David Collins, head of corporate finance at Berwin Leighton Paisner, AIM Lawyer of the Year, says the firm has been involved with AIM since the market’s inception and has advised companies or nominated advisers or brokers on 97 floats, raising £2.4 billion since 2002.

Claiming strengths in property, hotels, betting and gaming, technology, healthcare and resources, Collins says AIM is ‘good for business’, especially with consolidation in many sectors in the offing. ‘We have also taken AIM companies up to the Full List and brought some down from there to AIM,’ he says. ‘In the float process, you get a strong sense of when something needs to be disclosed. Disclosure becomes more of an issue once a company is listed.

‘The key is to convince clients they should come to a lawyer for advice before doing things. Often entrepreneurial characters with a sense of false economy go ahead with a deal without asking their lawyers – and find it costs more than if they had asked the lawyers first.’

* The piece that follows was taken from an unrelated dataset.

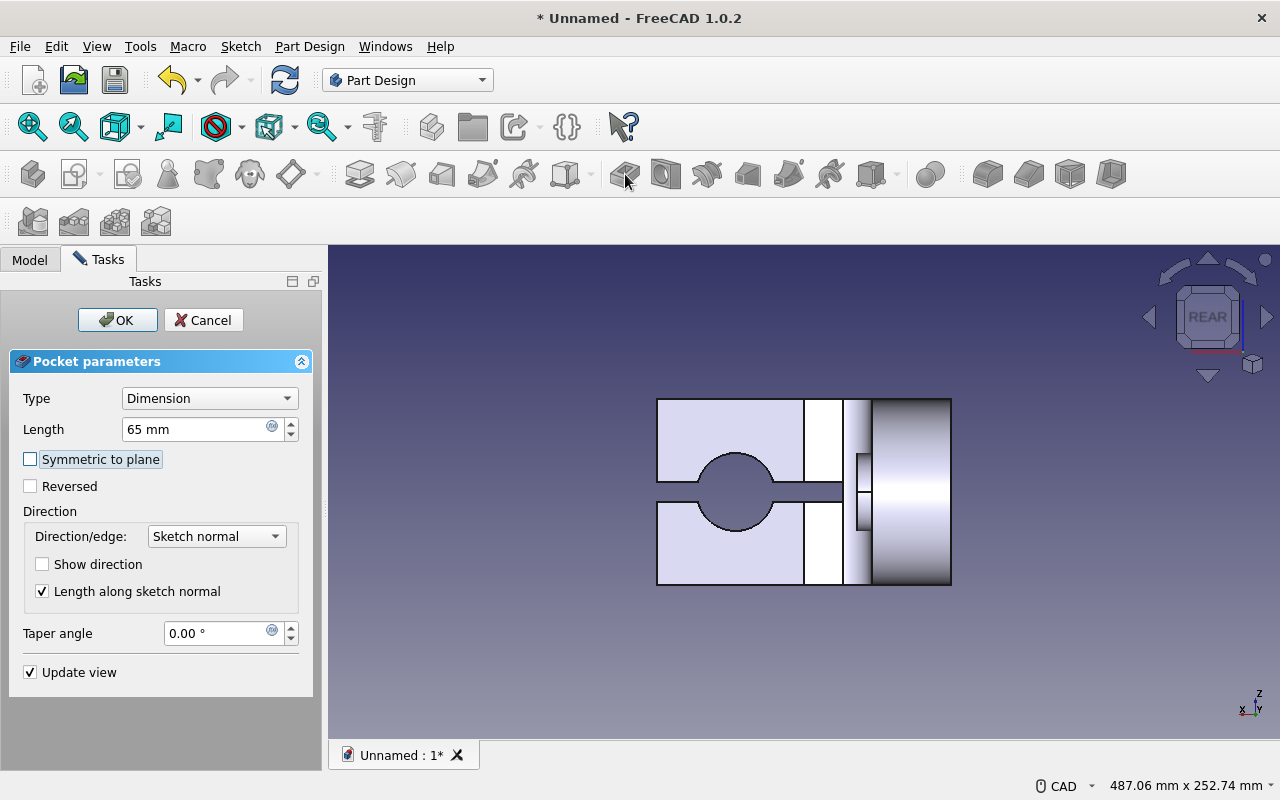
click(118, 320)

Tim Thompson, partner of Financial PR of the Year Buchanan Communications, claims the firm has several strengths. ‘We have a flat management structure, which helps us relate to AIM companies. They don’t usually have in-house public relations capabilities and don’t want to be passed on to a junior without experience.’

Buoyant engineering services group Redhall won AIM Company of the Year, which complements chairman David Jackson picking up the Quoted Company Awards’ Entrepreneur of the Year 2008 (see March edition), while Beringea won VCT Fund Manager of the Year for its ProVen and ProVen Growth & Income VCTs.

Ready to build

Norman Kenvyn, head of equipment leasing specialist St Helen’s Finance, is looking for potential acquisitions for the company, winner of the PLUS Company of the Year award. He says St Helen’s, which finances ‘core assets’ for smaller companies, is winning new business as banks harden their terms in the credit crunch.

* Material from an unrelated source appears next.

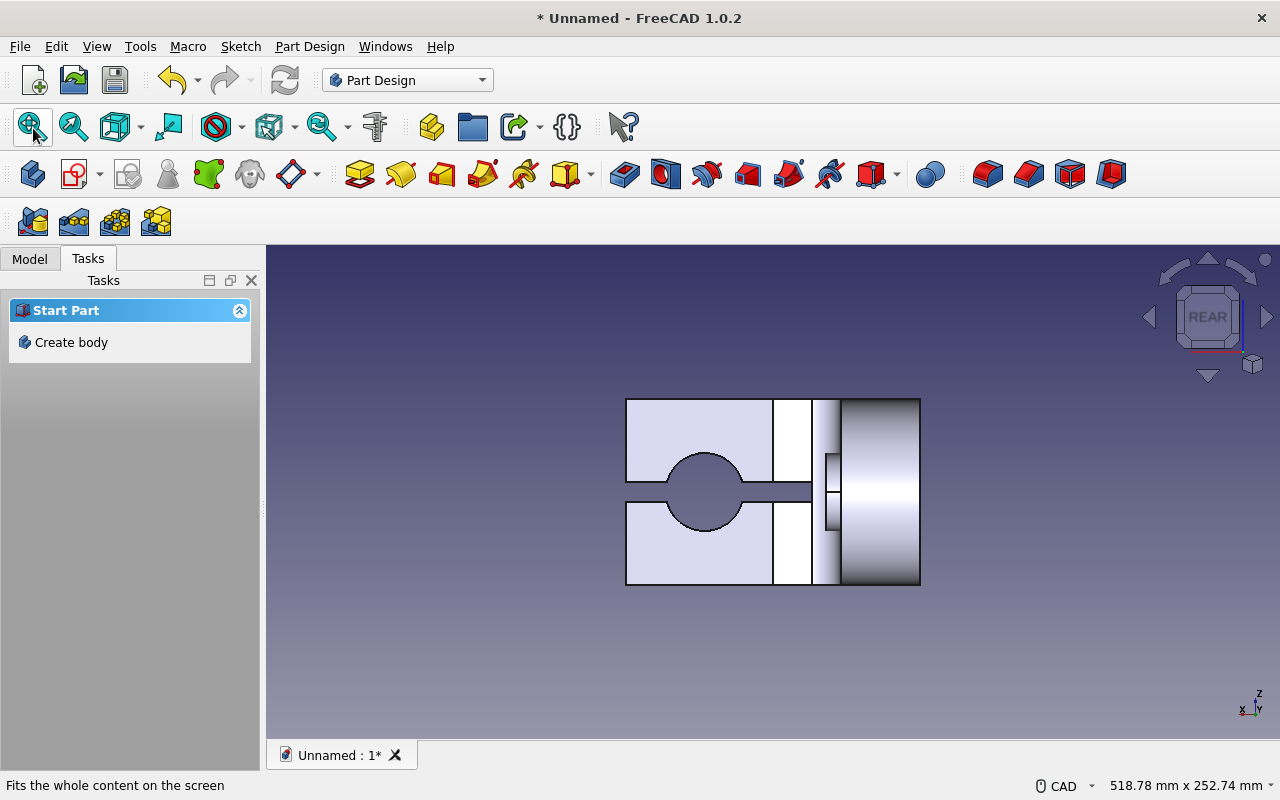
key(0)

A Lombard leasing group veteran, Kenvyn notes a rapid turnover increase this year for St Helen’s, which more than doubled the value of equipment leased last year to £4.6 million and year-end receivables to £6.7 million. Bad debt write-offs and doubtful debt provisions doubled losses in 2007 to £312,000, but income from the company’s expanded lease book should take it into the black to the tune of more than £100,000 this year.

A pet ploy of Kenvyn’s is to build the nascent ‘venture financing’ business of St Helen’s, which takes an element of equity in lessee companies along the lines of mezzanine debt funding. This is where he is scouting for acquisitions.

St Helen’s has used PLUS several times to raise equity since its 2004 float and has increased its debt finance by 151 per cent last year to £5.6 million – ‘all fixed and matched’ – to support growth and fund its (typically) 36-month leases. ‘We do not specialise in particular sectors,’ explains Kenvyn, but he tends to shun those, such as retailing, where ‘too many lessors are chasing business’.


Robert Tyerman

Robert Tyerman was news editor of 'Growth Company Investor'.